After using the oversampling technique and dividing the dataset into training, validation, and testing sets, Table 2 displays the class distribution. To ensure balance across the classes, each disease category was oversampled to a total of 572 samples. After that, the dataset was divided so that each class had 458 samples for training, with 80% of the samples from each class allocated to the training set. The validation set, which is used to adjust the model’s hyperparameters, included 10% of the samples from each class, or 57 samples per class. In a similar vein, 10% of the samples (or 57 samples per class) were included in the testing set, which is used to assess the model’s performance following training. By guaranteeing that every class is equally represented in the model, bias towards the majority class is avoided, and the model’s capacity to generalise to all illness categories is enhanced.

3.1.2. Data Preprocessing and Signal Enhancement

A consistent preprocessing pipeline was applied before feature extraction. The main steps were audio format loading, amplitude normalisation, FFT-based denoising, transient-noise suppression and segmentation into fixed-length respiratory windows. These steps were used to improve signal quality and produce stable inputs for the CNN-LSTM-TD classifier [22].

Normalisation standardised the signal amplitude so that differences in recording loudness did not dominate the feature representation. Z-score normalisation was applied as follows:

z [n] = \frac{X [n] - μ x}{σ x}

(1)

where x[n] is the raw audio sample,

μ

x is the mean amplitude of the recording, and

σ x

is the standard deviation. This transformation centres the signal and scales it to a comparable amplitude range before denoising and feature extraction.

After normalisation, FFT-based denoising was used to transform the signal from the time domain into the frequency domain. For a discrete lung-sound signal x[n] of length N, the Fast Fourier Transform estimates the frequency components as

X [k] = \sum_{n = 0}^{N - 1} x [n] e^{- j 2 π k n / N}

(2)

A band-pass filter H[k] was then applied to retain the main respiratory sound band and suppress irrelevant low- and high-frequency components. The filtered spectrum was computed as Y[k] = H[k]X[k], and the cleaned signal was reconstructed using the inverse FFT, y[n] = IFFT{Y[k]}. In this study, the relevant respiratory band was treated as approximately 20–1000 Hz.

The selected frequency range is motivated by the acoustic characteristics of common respiratory sounds. Normal breath sounds are concentrated mainly in lower frequency ranges, wheezes often contain sustained higher-frequency components, and crackles appear as short transient events with broad spectral content [23]. Filtering therefore improves signal quality while preserving diagnostically relevant patterns. Care is required, however, because excessive filtering can remove clinically useful sound components.

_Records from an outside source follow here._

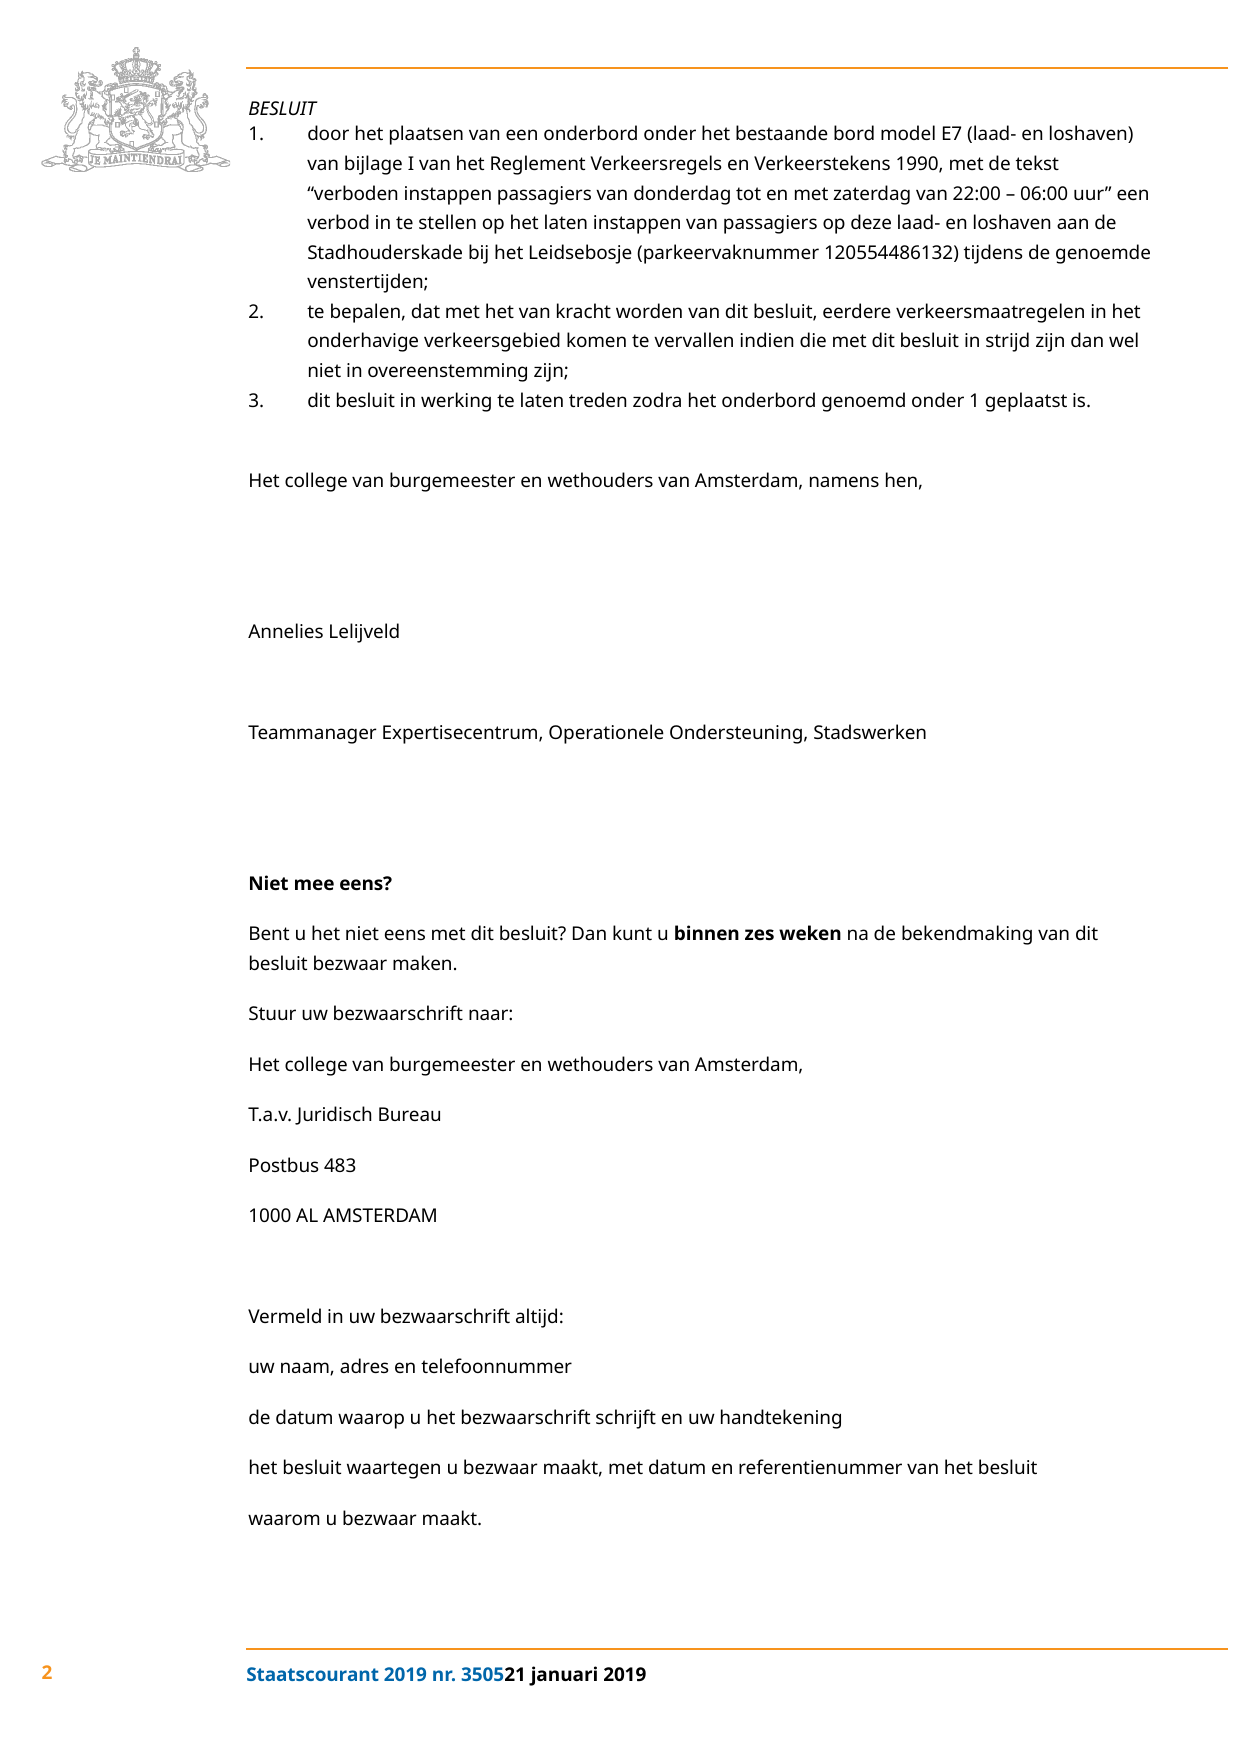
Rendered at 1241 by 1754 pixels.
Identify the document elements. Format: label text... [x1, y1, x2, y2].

text waarom u bezwaar maakt. [248, 1505, 1152, 1530]
text uw naam, adres en telefoonnummer [248, 1353, 1152, 1379]
text Annelies Lelijveld [248, 618, 1152, 644]
picture [41, 47, 231, 172]
text Het college van burgemeester en wethouders van Amsterdam, namens hen, [248, 467, 1152, 492]
text Het college van burgemeester en wethouders van Amsterdam, [248, 1051, 1152, 1077]
text Vermeld in uw bezwaarschrift altijd: [248, 1303, 1152, 1329]
text Teammanager Expertisecentrum, Operationele Ondersteuning, Stadswerken [248, 719, 1152, 744]
list door het plaatsen van een onderbord onder het bestaande bord model E7 (laad- en loshaven) van bijlage I van het Reglement Verkeersregels en Verkeerstekens 1990, met de tekst “verboden instappen passagiers van donderdag tot en met zaterdag van 22:00 – 06:00 uur” een verbod in te stellen op het laten instappen van passagiers op deze laad- en loshaven aan de Stadhouderskade bij het Leidsebosje (parkeervaknummer 120554486132) tijdens de genoemde venstertijden; [248, 121, 1152, 294]
text het besluit waartegen u bezwaar maakt, met datum en referentienummer van het besluit [248, 1454, 1152, 1480]
text Postbus 483 [248, 1152, 1152, 1177]
text T.a.v. Juridisch Bureau [248, 1101, 1152, 1127]
text de datum waarop u het bezwaarschrift schrijft en uw handtekening [248, 1404, 1152, 1429]
list te bepalen, dat met het van kracht worden van dit besluit, eerdere verkeersmaatregelen in het onderhavige verkeersgebied komen te vervallen indien die met dit besluit in strijd zijn dan wel niet in overeenstemming zijn; [248, 298, 1152, 383]
text BESLUIT [248, 95, 1152, 121]
text Stuur uw bezwaarschrift naar: [248, 1001, 1152, 1026]
text 1000 AL AMSTERDAM [248, 1202, 1152, 1228]
text Bent u het niet eens met dit besluit? Dan kunt u binnen zes weken na de bekendmaking van dit besluit bezwaar maken. [248, 921, 1152, 976]
text Niet mee eens? [248, 870, 1152, 896]
list dit besluit in werking te laten treden zodra het onderbord genoemd onder 1 geplaatst is. [248, 387, 1152, 412]
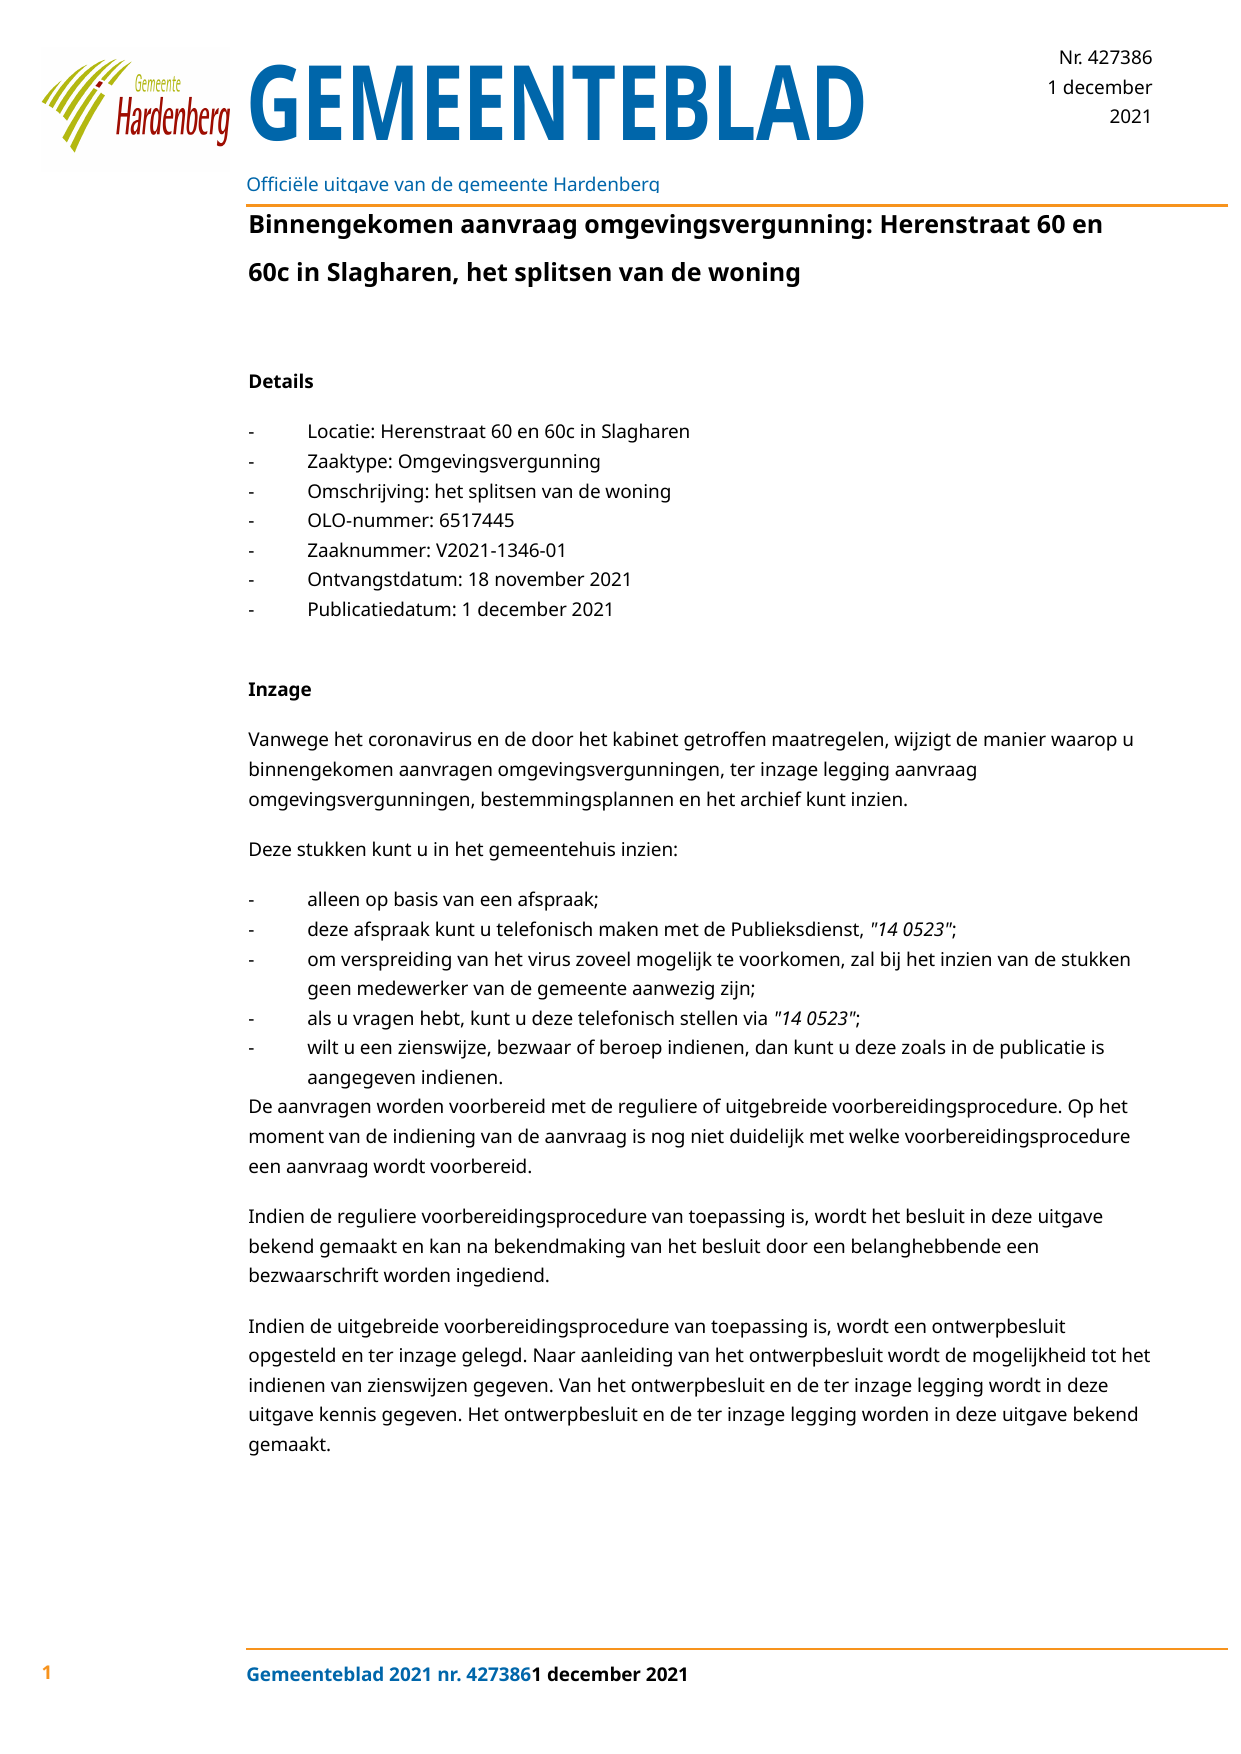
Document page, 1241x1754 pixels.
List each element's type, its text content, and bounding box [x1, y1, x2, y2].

text Vanwege het coronavirus en de door het kabinet getroffen maatregelen, wijzigt de manier waarop u binnengekomen aanvragen omgevingsvergunningen, ter inzage legging aanvraag omgevingsvergunningen, bestemmingsplannen en het archief kunt inzien. [248, 727, 1152, 812]
list Zaaknummer: V2021-1346-01 [248, 537, 1152, 563]
text Indien de uitgebreide voorbereidingsprocedure van toepassing is, wordt een ontwerpbesluit opgesteld en ter inzage gelegd. Naar aanleiding van het ontwerpbesluit wordt de mogelijkheid tot het indienen van zienswijzen gegeven. Van het ontwerpbesluit en de ter inzage legging wordt in deze uitgave kennis gegeven. Het ontwerpbesluit en de ter inzage legging worden in deze uitgave bekend gemaakt. [248, 1313, 1152, 1457]
text Deze stukken kunt u in het gemeentehuis inzien: [248, 836, 1152, 862]
text De aanvragen worden voorbereid met de reguliere of uitgebreide voorbereidingsprocedure. Op het moment van de indiening van de aanvraag is nog niet duidelijk met welke voorbereidingsprocedure een aanvraag wordt voorbereid. [248, 1094, 1152, 1179]
list OLO-nummer: 6517445 [248, 507, 1152, 533]
list Zaaktype: Omgevingsvergunning [248, 448, 1152, 474]
text Inzage [248, 676, 1152, 702]
list Locatie: Herenstraat 60 en 60c in Slagharen [248, 419, 1152, 444]
list Ontvangstdatum: 18 november 2021 [248, 567, 1152, 592]
picture [41, 47, 231, 172]
list Publicatiedatum: 1 december 2021 [248, 596, 1152, 622]
list deze afspraak kunt u telefonisch maken met de Publieksdienst, "14 0523"; [248, 916, 1152, 942]
text Details [248, 368, 1152, 394]
list om verspreiding van het virus zoveel mogelijk te voorkomen, zal bij het inzien van de stukken geen medewerker van de gemeente aanwezig zijn; [248, 946, 1152, 1001]
text Binnengekomen aanvraag omgevingsvergunning: Herenstraat 60 en 60c in Slagharen, het splitsen van de woning [248, 207, 1152, 288]
list alleen op basis van een afspraak; [248, 887, 1152, 912]
list wilt u een zienswijze, bezwaar of beroep indienen, dan kunt u deze zoals in de publicatie is aangegeven indienen. [248, 1034, 1152, 1090]
list Omschrijving: het splitsen van de woning [248, 478, 1152, 504]
text Indien de reguliere voorbereidingsprocedure van toepassing is, wordt het besluit in deze uitgave bekend gemaakt en kan na bekendmaking van het besluit door een belanghebbende een bezwaarschrift worden ingediend. [248, 1203, 1152, 1288]
list als u vragen hebt, kunt u deze telefonisch stellen via "14 0523"; [248, 1005, 1152, 1031]
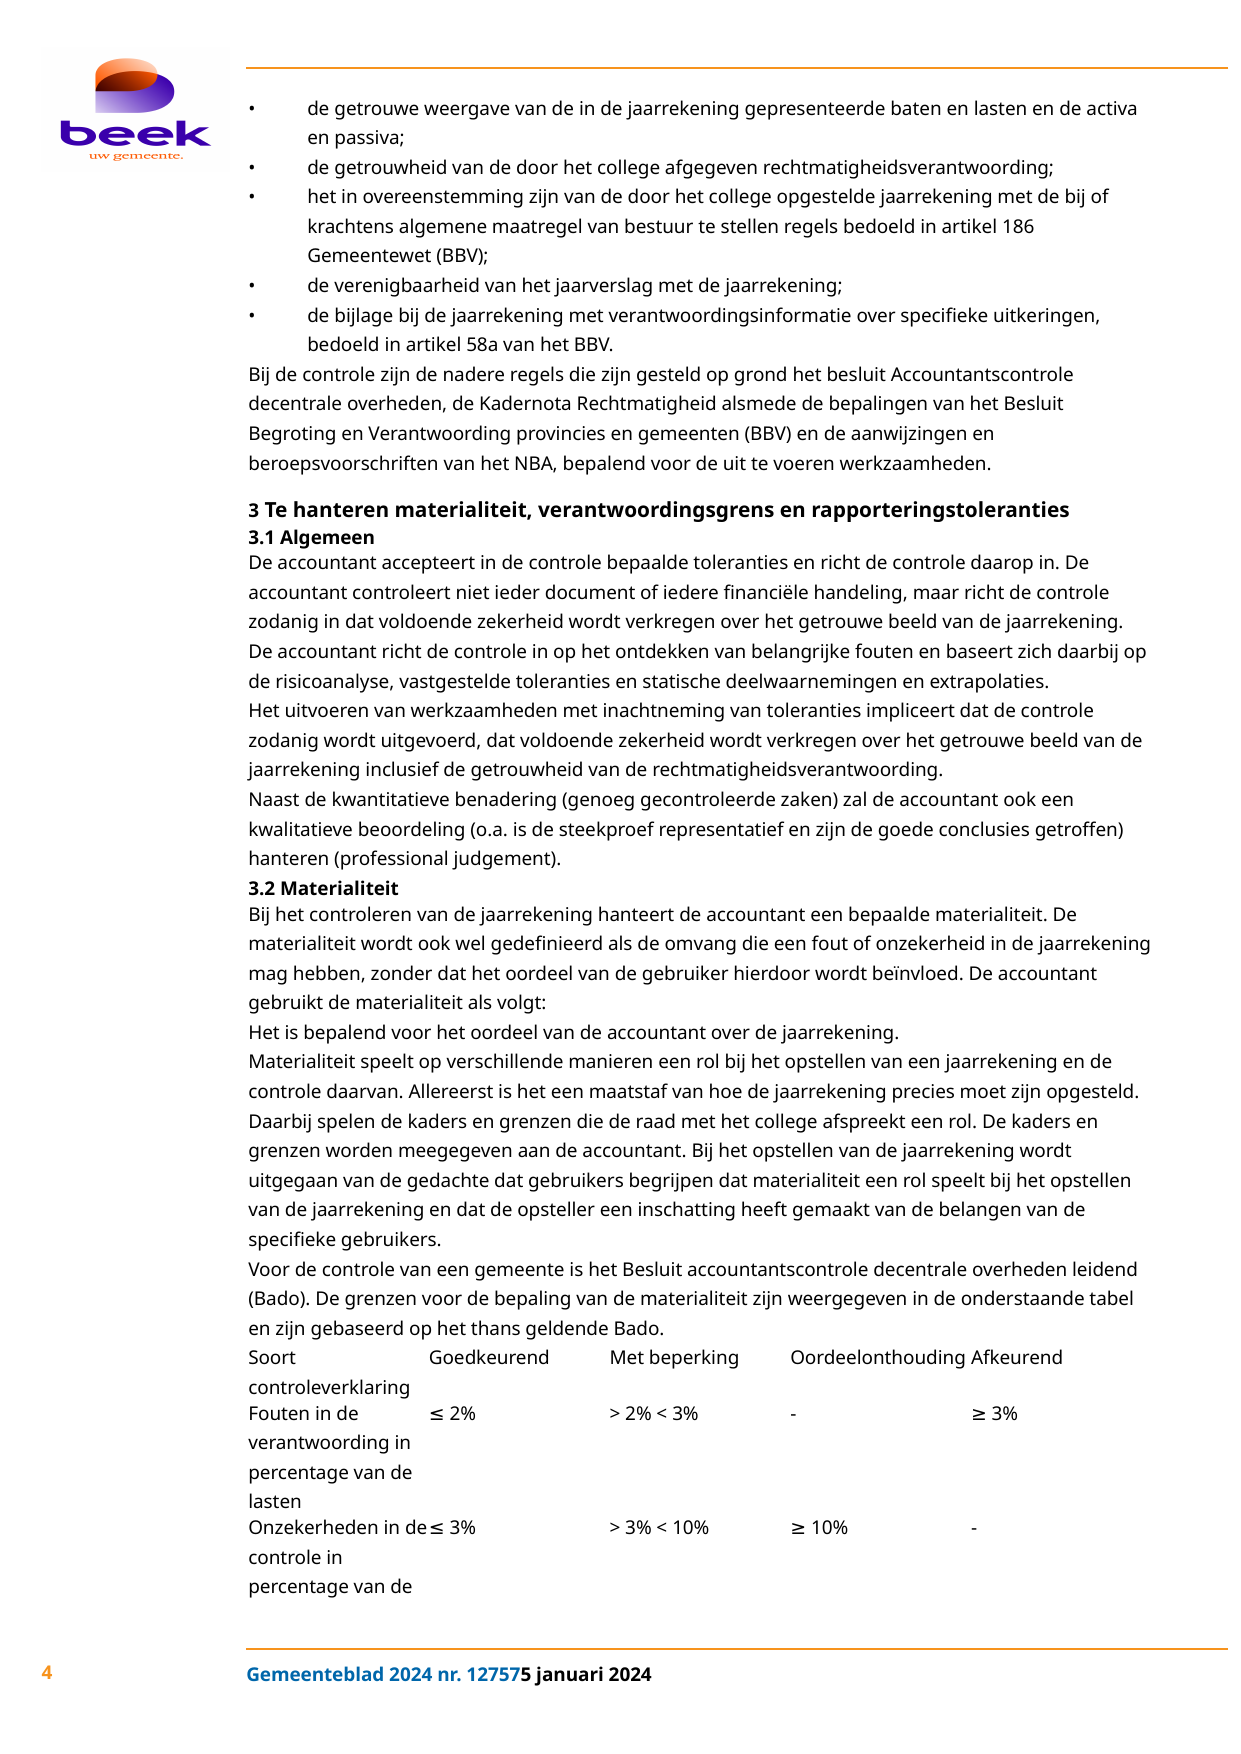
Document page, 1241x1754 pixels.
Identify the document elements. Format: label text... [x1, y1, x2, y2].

text 3.2 Materialiteit [248, 875, 1152, 901]
list de getrouwe weergave van de in de jaarrekening gepresenteerde baten en lasten en de activa en passiva; [248, 95, 1152, 150]
table_cell > 3% < 10% [609, 1514, 790, 1599]
text 3 Te hanteren materialiteit, verantwoordingsgrens en rapporteringstoleranties [248, 495, 1152, 524]
table_cell Fouten in de verantwoording in percentage van de lasten [248, 1400, 429, 1514]
table_header Oordeelonthouding [790, 1345, 971, 1400]
list het in overeenstemming zijn van de door het college opgestelde jaarrekening met de bij of krachtens algemene maatregel van bestuur te stellen regels bedoeld in artikel 186 Gemeentewet (BBV); [248, 183, 1152, 268]
text Het is bepalend voor het oordeel van de accountant over de jaarrekening. [248, 1019, 1152, 1045]
table_header Soort controleverklaring [248, 1345, 429, 1400]
picture [41, 47, 231, 172]
table_cell Onzekerheden in de controle in percentage van de [248, 1514, 429, 1599]
table_header Met beperking [609, 1345, 790, 1400]
text Voor de controle van een gemeente is het Besluit accountantscontrole decentrale overheden leidend (Bado). De grenzen voor de bepaling van de materialiteit zijn weergegeven in de onderstaande tabel en zijn gebaseerd op het thans geldende Bado. [248, 1256, 1152, 1341]
table_cell > 2% < 3% [609, 1400, 790, 1514]
table_cell ≥ 3% [971, 1400, 1152, 1514]
text Bij de controle zijn de nadere regels die zijn gesteld op grond het besluit Accountantscontrole decentrale overheden, de Kadernota Rechtmatigheid alsmede de bepalingen van het Besluit Begroting en Verantwoording provincies en gemeenten (BBV) en de aanwijzingen en beroepsvoorschriften van het NBA, bepalend voor de uit te voeren werkzaamheden. [248, 361, 1152, 476]
table_cell - [971, 1514, 1152, 1599]
table_cell ≤ 3% [429, 1514, 609, 1599]
list de bijlage bij de jaarrekening met verantwoordingsinformatie over specifieke uitkeringen, bedoeld in artikel 58a van het BBV. [248, 302, 1152, 357]
list de verenigbaarheid van het jaarverslag met de jaarrekening; [248, 272, 1152, 298]
list de getrouwheid van de door het college afgegeven rechtmatigheidsverantwoording; [248, 154, 1152, 180]
table_cell ≥ 10% [790, 1514, 971, 1599]
table_cell - [790, 1400, 971, 1514]
text Naast de kwantitatieve benadering (genoeg gecontroleerde zaken) zal de accountant ook een kwalitatieve beoordeling (o.a. is de steekproef representatief en zijn de goede conclusies getroffen) hanteren (professional judgement). [248, 786, 1152, 871]
text Het uitvoeren van werkzaamheden met inachtneming van toleranties impliceert dat de controle zodanig wordt uitgevoerd, dat voldoende zekerheid wordt verkregen over het getrouwe beeld van de jaarrekening inclusief de getrouwheid van de rechtmatigheidsverantwoording. [248, 697, 1152, 782]
text De accountant accepteert in de controle bepaalde toleranties en richt de controle daarop in. De accountant controleert niet ieder document of iedere financiële handeling, maar richt de controle zodanig in dat voldoende zekerheid wordt verkregen over het getrouwe beeld van de jaarrekening. De accountant richt de controle in op het ontdekken van belangrijke fouten en baseert zich daarbij op de risicoanalyse, vastgestelde toleranties en statische deelwaarnemingen en extrapolaties. [248, 549, 1152, 694]
text Materialiteit speelt op verschillende manieren een rol bij het opstellen van een jaarrekening en de controle daarvan. Allereerst is het een maatstaf van hoe de jaarrekening precies moet zijn opgesteld. Daarbij spelen de kaders en grenzen die de raad met het college afspreekt een rol. De kaders en grenzen worden meegegeven aan de accountant. Bij het opstellen van de jaarrekening wordt uitgegaan van de gedachte dat gebruikers begrijpen dat materialiteit een rol speelt bij het opstellen van de jaarrekening en dat de opsteller een inschatting heeft gemaakt van de belangen van de specifieke gebruikers. [248, 1049, 1152, 1252]
table_header Afkeurend [971, 1345, 1152, 1400]
text Bij het controleren van de jaarrekening hanteert de accountant een bepaalde materialiteit. De materialiteit wordt ook wel gedefinieerd als de omvang die een fout of onzekerheid in de jaarrekening mag hebben, zonder dat het oordeel van de gebruiker hierdoor wordt beïnvloed. De accountant gebruikt de materialiteit als volgt: [248, 901, 1152, 1015]
table_header Goedkeurend [429, 1345, 609, 1400]
table_cell ≤ 2% [429, 1400, 609, 1514]
text 3.1 Algemeen [248, 524, 1152, 549]

In addition to filtering out frequency-based noise, the system also addresses transient noises such as coughing, clothing rustling, or short-duration disturbances that can distort lung sound recordings. These transient noises are typically brief but can interfere with the model’s ability to correctly identify lung sound patterns. The system uses threshold-based filtering to detect high-amplitude spikes that represent these transient noises. For instance, when a cough or clothing rustling occurs, the system identifies these brief high-amplitude events, removes them from the signal, and preserves the remaining lung sound features for analysis. This ensures that any short-duration, non-representative artefacts are eliminated, allowing for a cleaner and more accurate representation of the lung sounds [24].

After denoising, the Inverse Fast Fourier Transform (IFFT) is applied to reconstruct the cleaned signal back into the time domain [25]. In addition to FFT denoising, the system applies other noise reduction techniques to eliminate transient noises, such as brief disturbances or spikes (e.g., coughing or clothing rustling). Transient noise is removed using a threshold-based filtering process that isolates these short-duration artefacts from the lung sound features. This helps ensure that the lung sound features are as clear as possible.

Following the denoising process, the audio is segmented into 2–3 s intervals, which is optimal for disease analysis. These smaller segments allow the system to detect and analyse short-term changes or significant variations in lung sounds, such as wheezing, crackling, or coughing. To ensure continuity between segments, a 50% overlap is used, which minimises the loss of information at the segment boundaries.

The system also extracts key features for distinguishing healthy and unhealthy breathing patterns. Features like zero-crossing rate (ZCR), spectral centroid, and MFCC (Mel-frequency cepstral coefficients) are computed. For example, the ZCR measures the rate at which the signal changes sign, and for healthy breath sounds, the ZCR is generally low and steady. In contrast, abnormal sounds like wheezing or crackles result in higher and more erratic ZCR values. The spectral centroid, which indicates the “centre of mass” of the frequency spectrum, tends to be lower for healthy lung sounds and shifts upwards for abnormal sounds. MFCCs capture the spectral characteristics of lung sounds, enabling the system to differentiate between normal and pathological conditions [26].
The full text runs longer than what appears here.